OCPBUGS-52448: Remove gathering of failure domains from machine sets #356

RadekManak · 2025-04-03T15:53:38Z

This fixes a bug when a cluster is running with 3 control plane nodes in a single AZ, and machine pools in > 1 AZ, CPMS does not generate a config.

We decided to remove the feature that gathers additional failure domains from MachineSets. While useful, this feature prevents the generation of the CPMS in the case mentioned above. Our priority is to generate a valid CPMS based on the current state of the control plane, allowing the cluster administrator to add failure domains later if needed, rather than requiring manual intervention upfront.

openshift-ci-robot · 2025-04-03T15:53:45Z

@RadekManak: This pull request references Jira Issue OCPBUGS-52448, which is invalid:

expected the bug to target the "4.19.0" version, but no target version was set

Comment /jira refresh to re-evaluate validity if changes to the Jira bug are made, or edit the title of this pull request to link to a different bug.

The bug has been updated to refer to the pull request using the external bug tracker.

In response to this:

This fixes a bug when a cluster is running with 3 control plane nodes in a single AZ, and machine pools in > 1 AZ, CPMS does not generate a config.

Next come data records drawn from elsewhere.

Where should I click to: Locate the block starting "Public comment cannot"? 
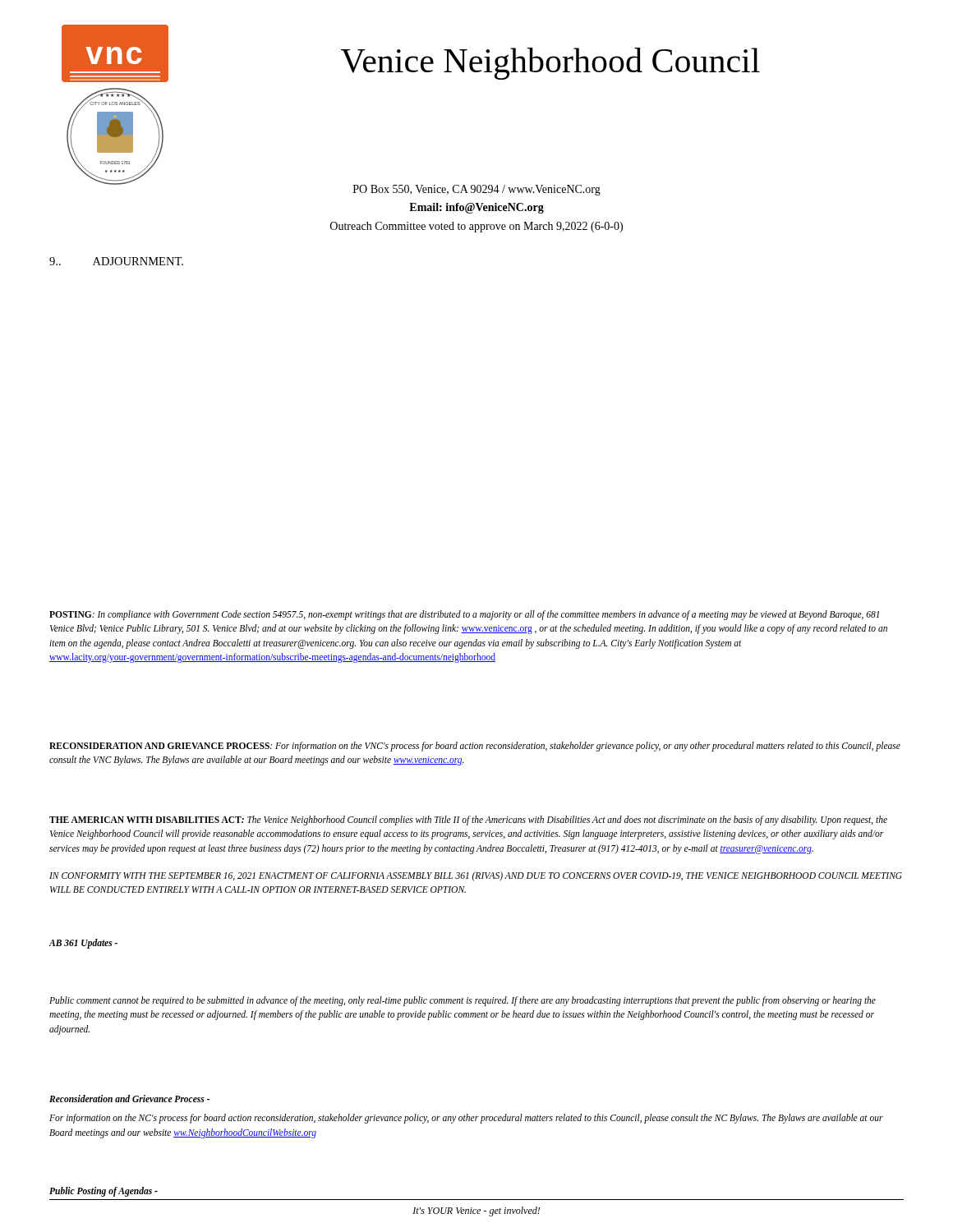(476, 1015)
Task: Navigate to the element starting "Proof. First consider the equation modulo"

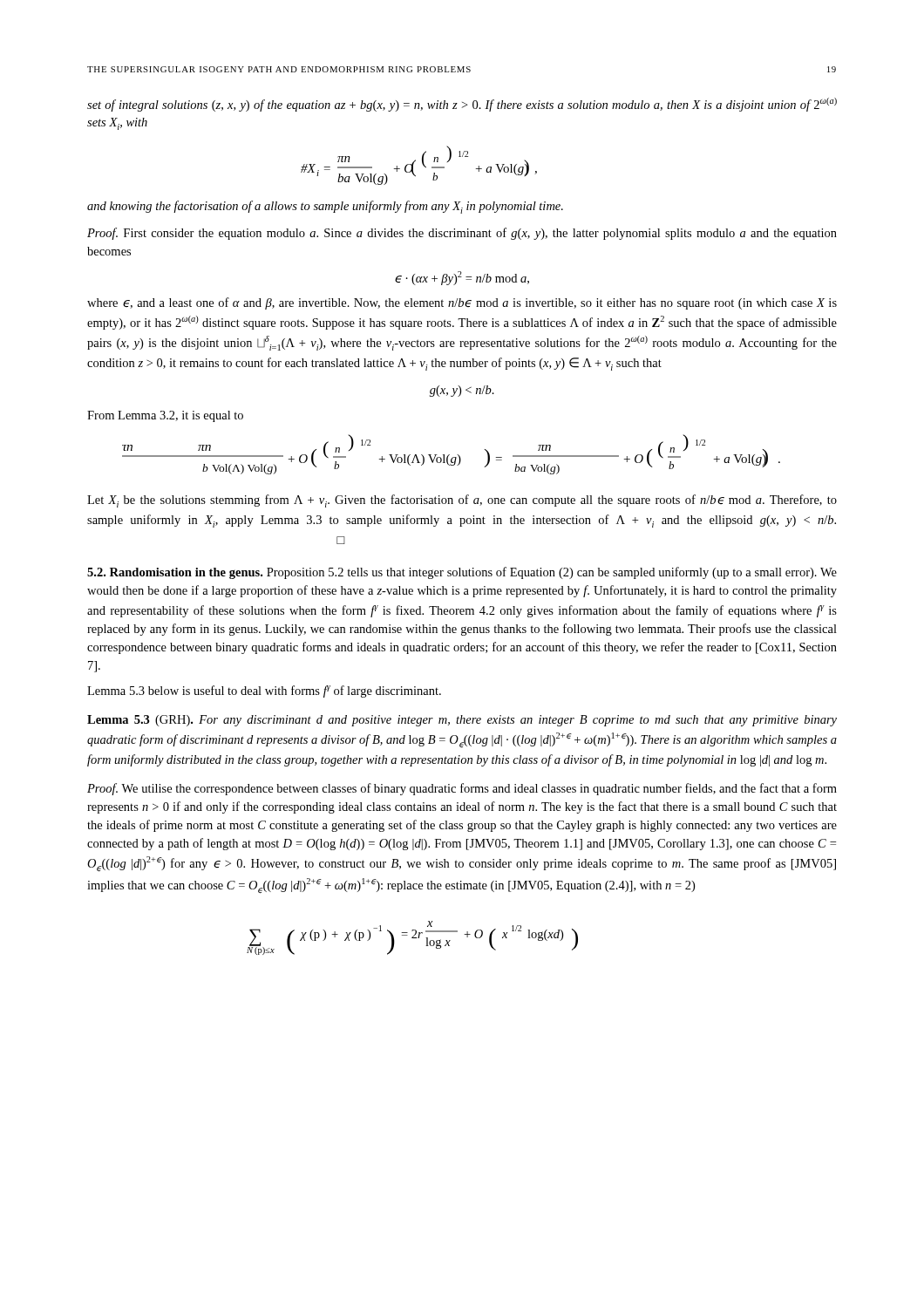Action: click(x=462, y=242)
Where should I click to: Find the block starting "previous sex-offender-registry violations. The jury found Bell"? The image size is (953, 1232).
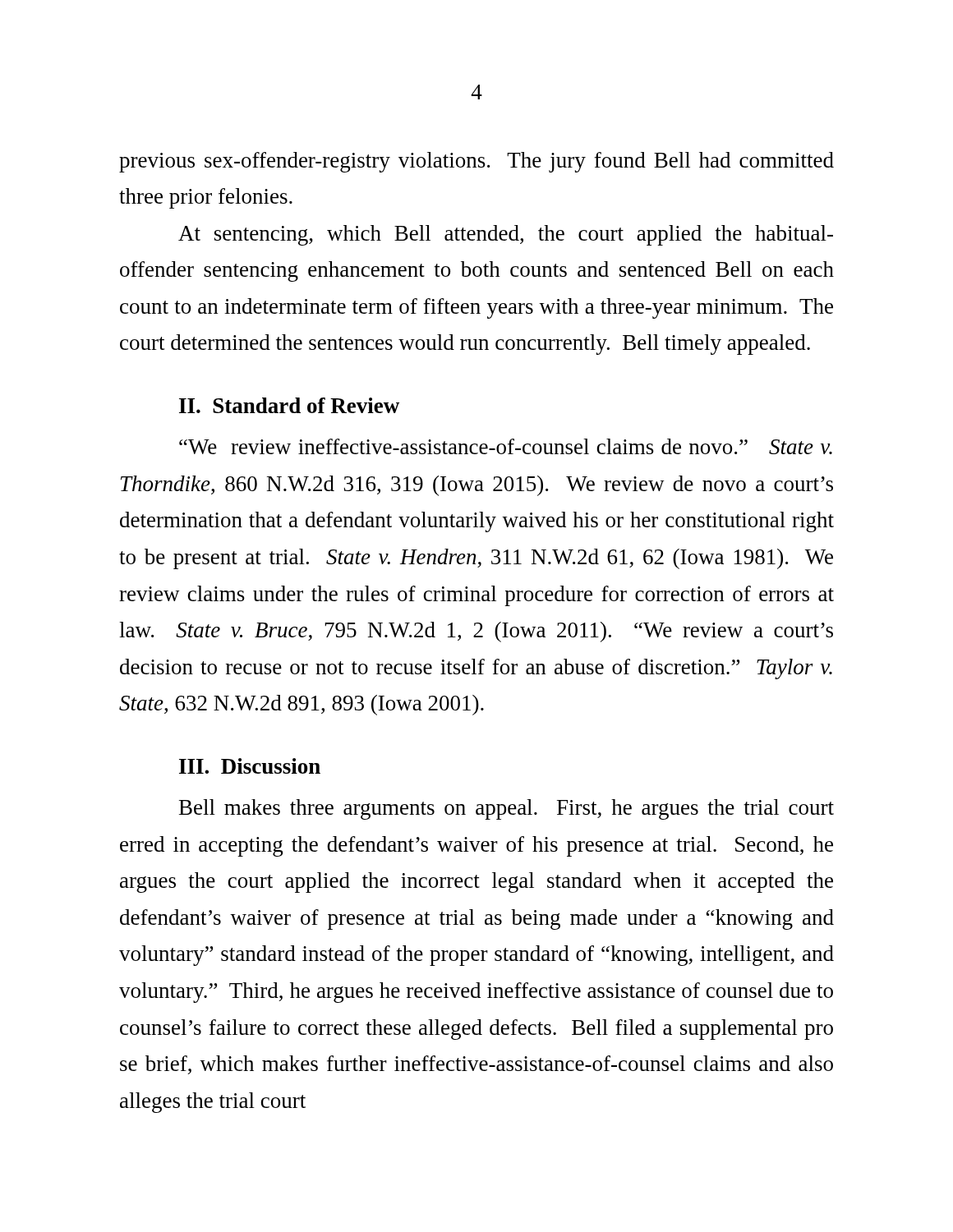coord(476,178)
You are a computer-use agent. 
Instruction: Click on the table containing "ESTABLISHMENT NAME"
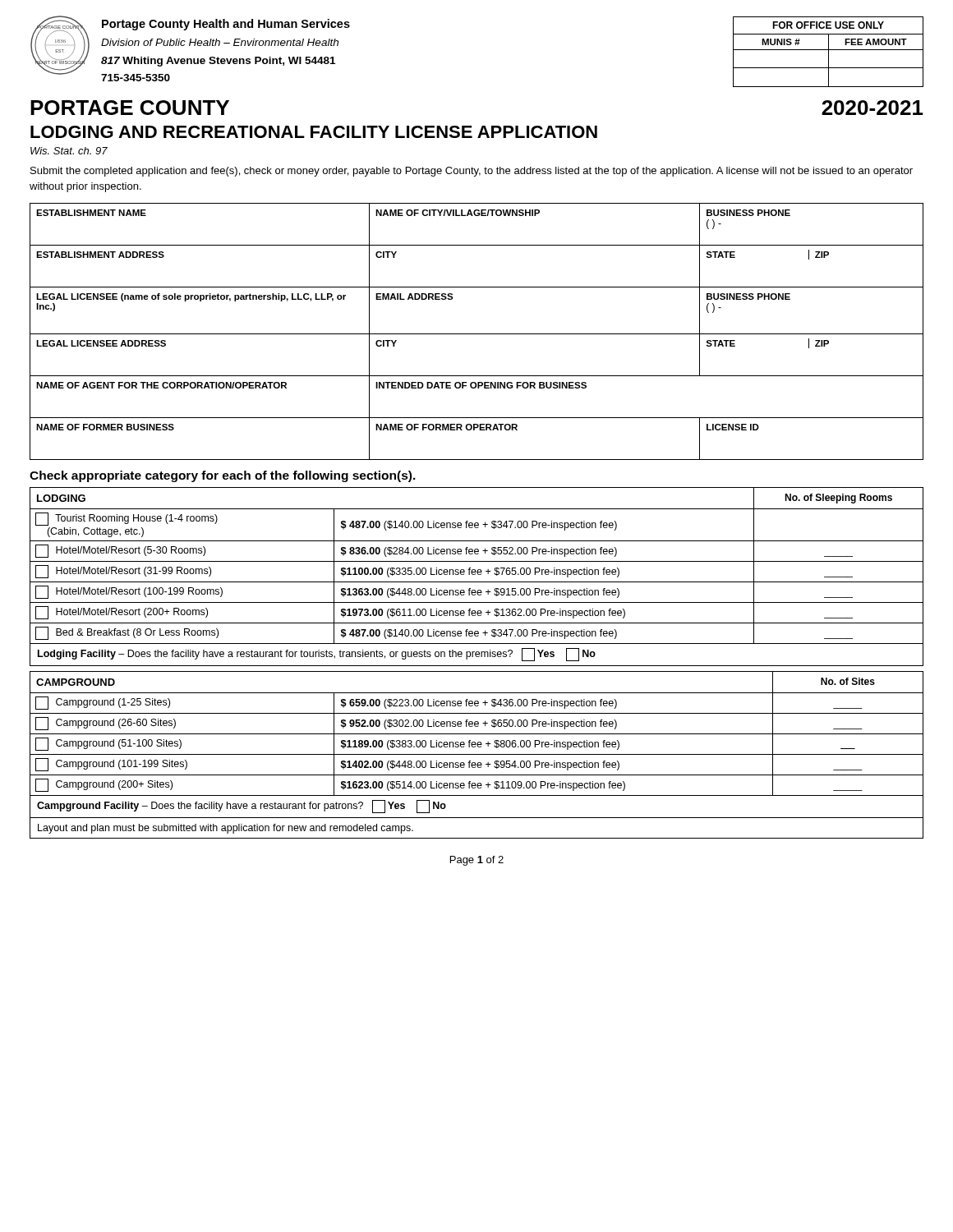point(476,331)
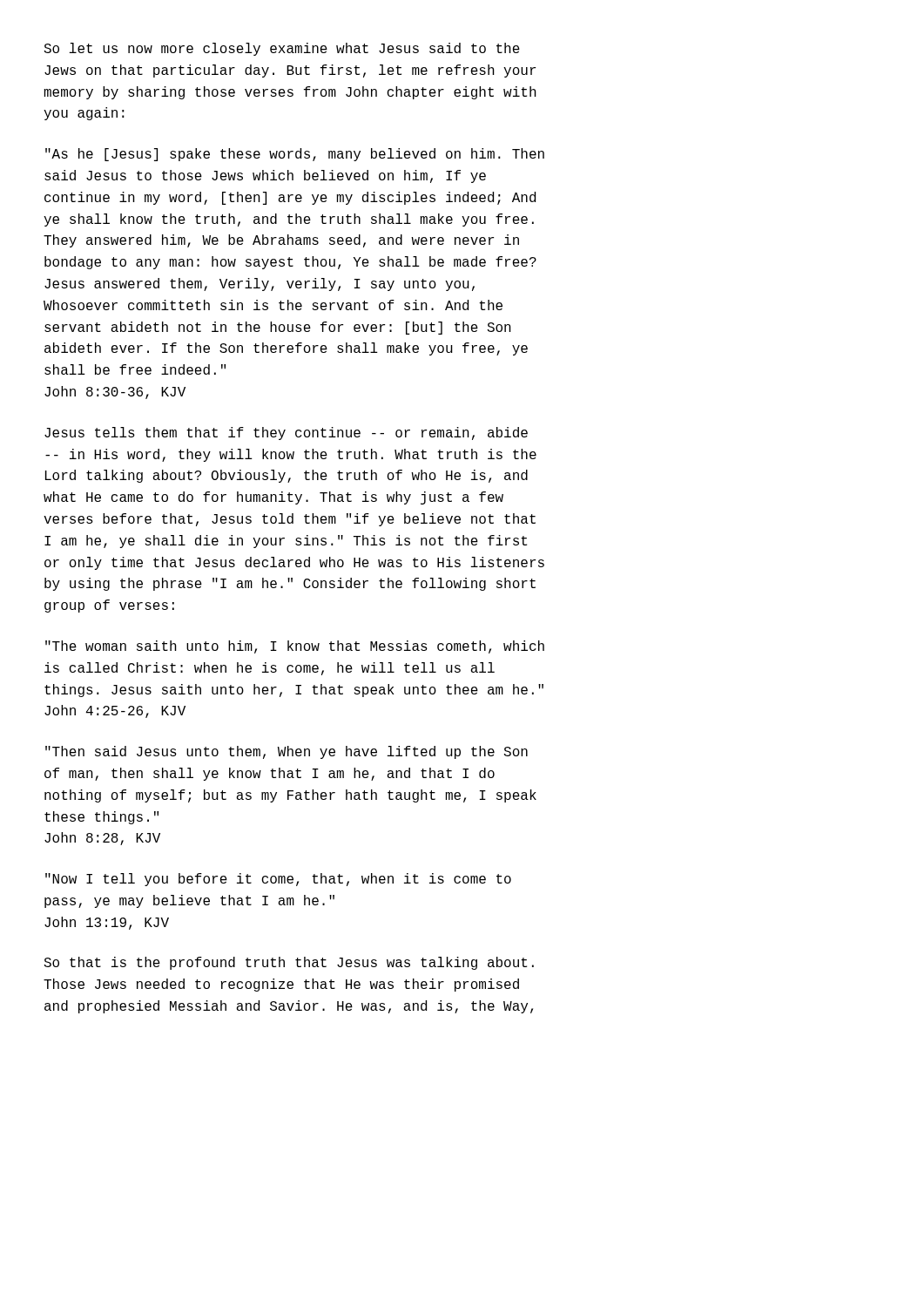
Task: Locate the text block that says "So that is the profound"
Action: (290, 986)
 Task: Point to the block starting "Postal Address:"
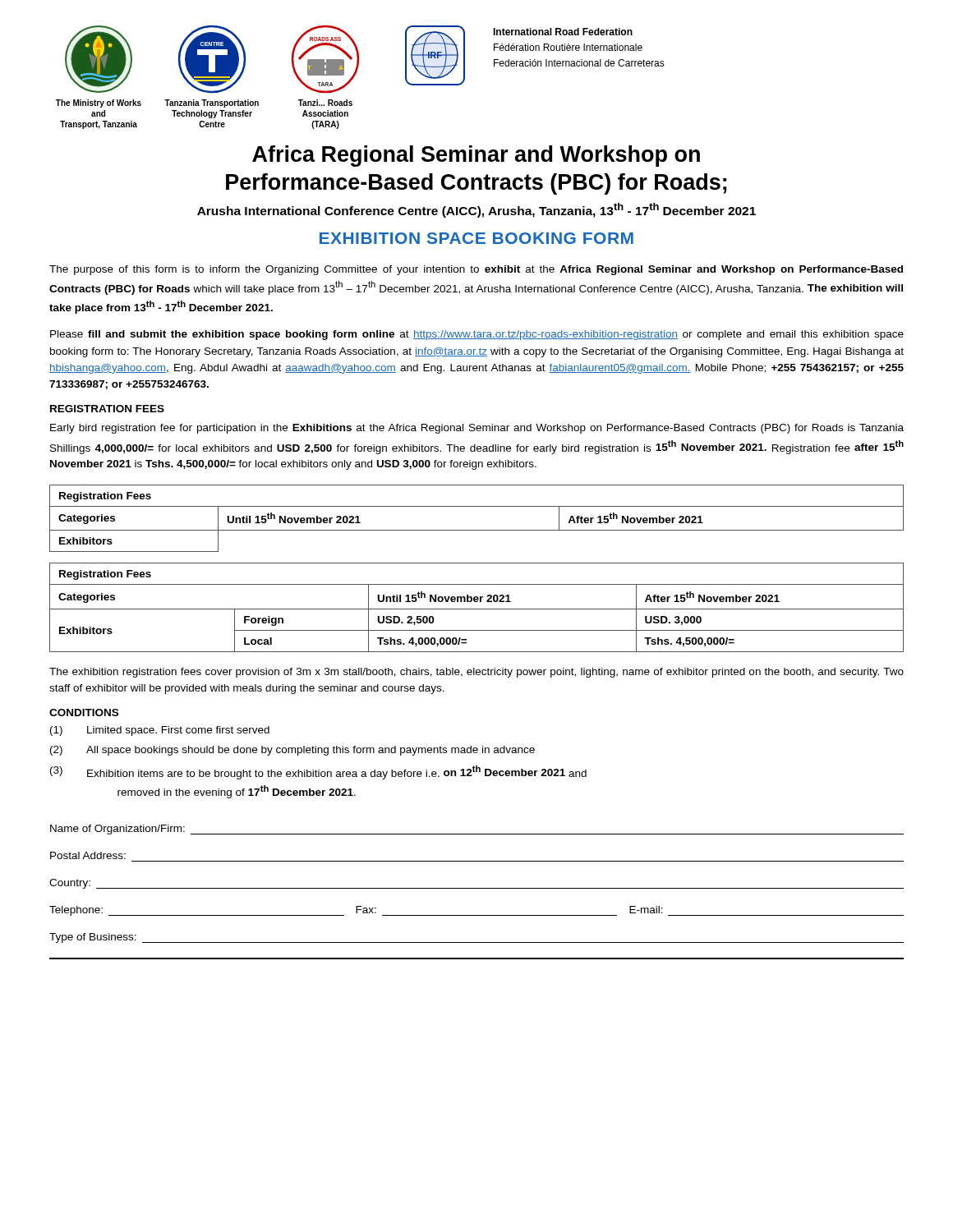476,854
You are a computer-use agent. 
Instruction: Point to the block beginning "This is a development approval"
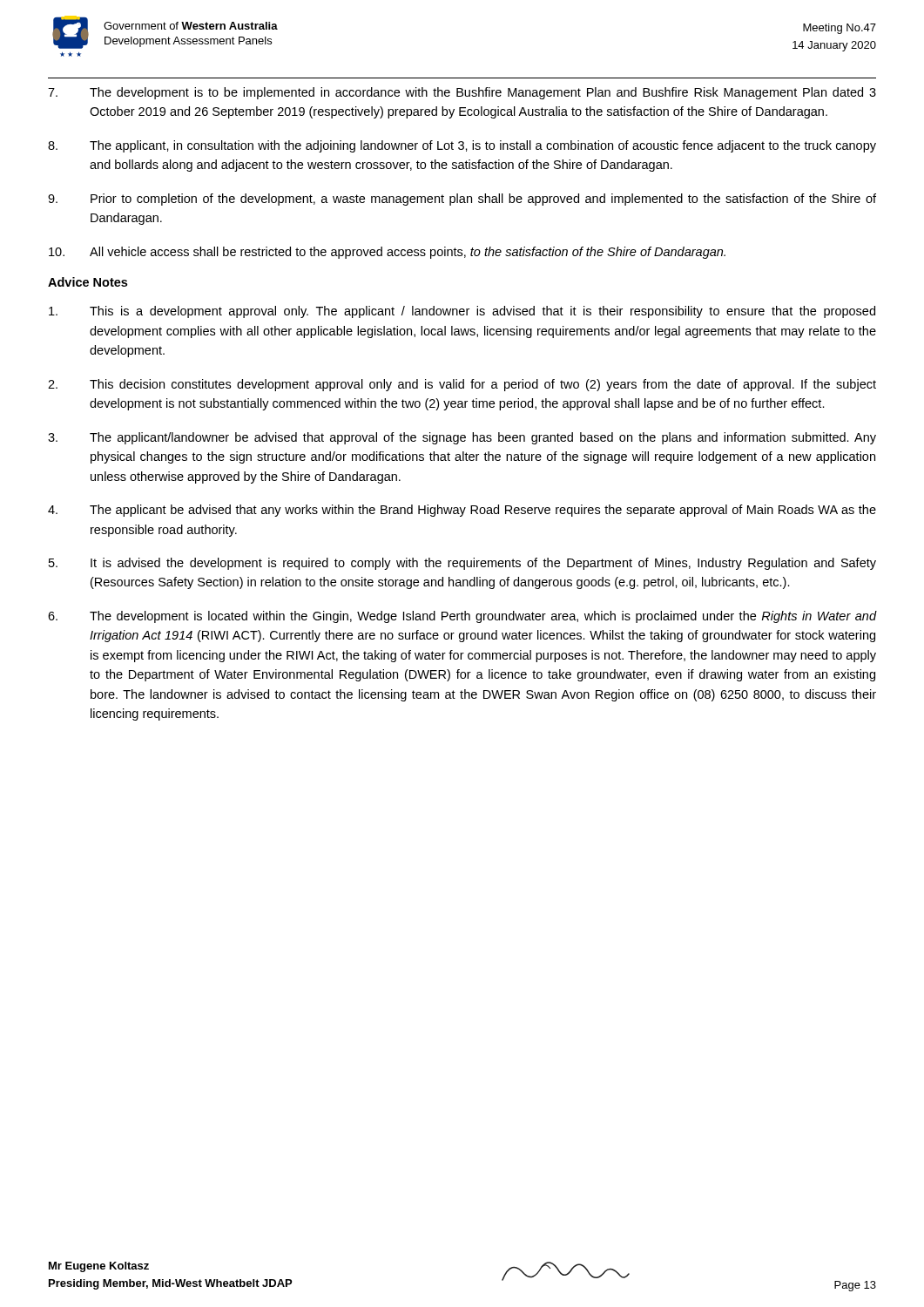pos(462,331)

We decided to remove the feature that gathers additional failure domains from MachineSets. While useful, this feature prevents the generation of the CPMS. Our priority is to generate a valid CPMS based on the current state of the control plane, allowing the cluster administrator to add failure domains later if needed, rather than requiring manual intervention upfront.

Instructions for interacting with me using PR comments are available here. If you have questions or suggestions related to my behavior, please file an issue against the openshift-eng/jira-lifecycle-plugin repository.

RadekManak · 2025-04-03T15:54:32Z

/jira refresh

openshift-ci-robot · 2025-04-03T15:54:39Z

@RadekManak: This pull request references Jira Issue OCPBUGS-52448, which is valid. The bug has been moved to the POST state.

3 validation(s) were run on this bug

bug is open, matching expected state (open)
bug target version (4.19.0) matches configured target version for branch (4.19.0)
bug is in the state ASSIGNED, which is one of the valid states (NEW, ASSIGNED, POST)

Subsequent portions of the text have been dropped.